Collected data
--- START ---
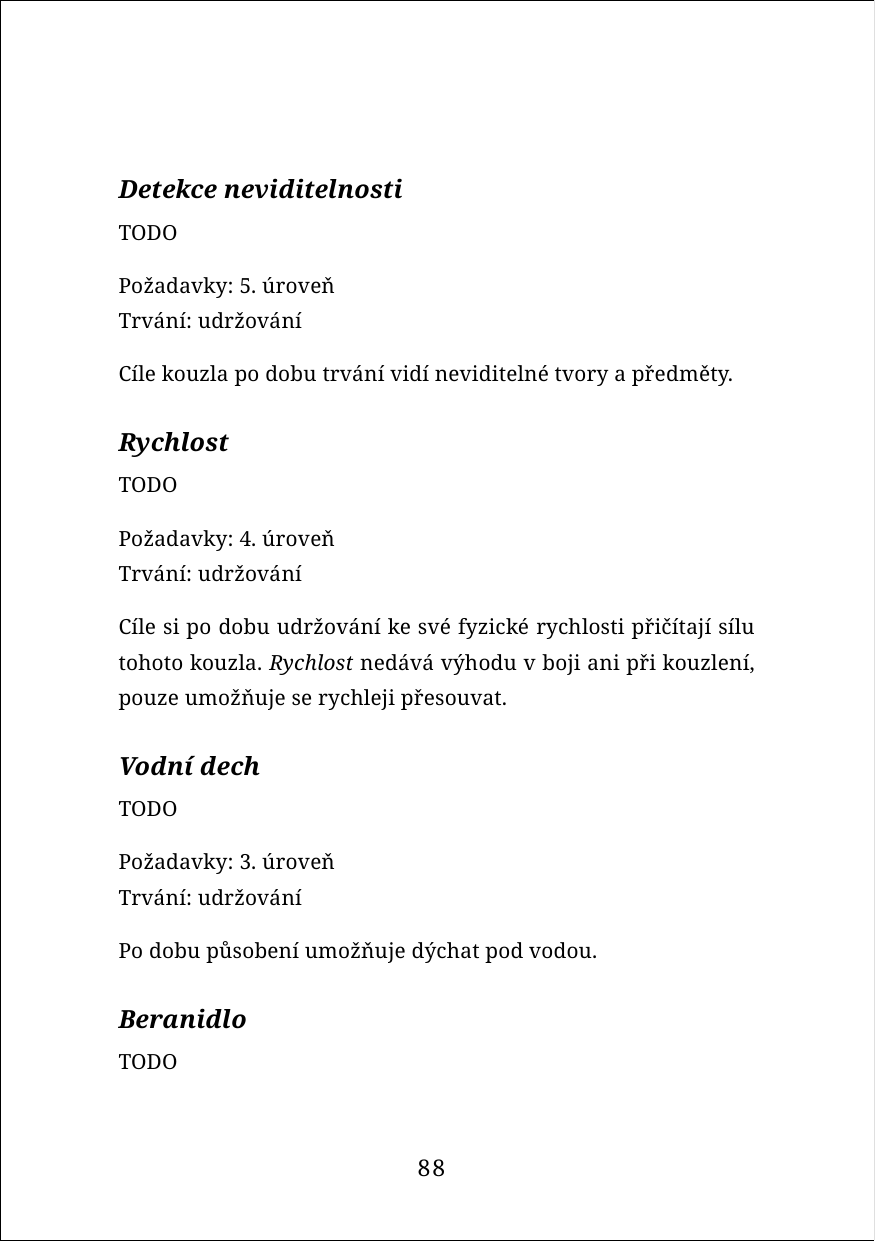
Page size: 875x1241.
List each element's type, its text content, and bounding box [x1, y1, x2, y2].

text TODO [118, 218, 756, 246]
text Cíle kouzla po dobu trvání vidí neviditelné tvory a předměty. [118, 359, 756, 388]
subtitle Rychlost [118, 424, 756, 459]
text TODO [118, 470, 756, 499]
text Požadavky: 5. úroveň Trvání: udržování [118, 271, 756, 335]
text TODO [118, 1047, 756, 1076]
text Požadavky: 4. úroveň Trvání: udržování [118, 524, 756, 588]
text Po dobu působení umožňuje dýchat pod vodou. [118, 936, 756, 965]
text TODO [118, 794, 756, 823]
text Požadavky: 3. úroveň Trvání: udržování [118, 847, 756, 911]
subtitle Vodní dech [118, 748, 756, 782]
subtitle Beranidlo [118, 1001, 756, 1035]
text Cíle si po dobu udržování ke své fyzické rychlosti přičítají sílu tohoto kouzla. Rychlost nedává výhodu v boji ani při kouzlení, pouze umožňuje se rychleji přesouvat. [118, 612, 756, 712]
subtitle Detekce neviditelnosti [118, 172, 756, 206]
--- END ---
◆ TASK TO COMPLETE ◆
Your reply should consist solely of the lines above, from the opening line through the line with "text TODO [118, 470, 756, 499]", reproduced exactly and without pictures.

◆ REPLY TO THE EXERCISE ◆
Page size: 875x1241.
List each element's type, its text content, and bounding box [x1, y1, x2, y2].

text TODO [118, 218, 756, 246]
text Cíle kouzla po dobu trvání vidí neviditelné tvory a předměty. [118, 359, 756, 388]
subtitle Rychlost [118, 424, 756, 459]
text TODO [118, 470, 756, 499]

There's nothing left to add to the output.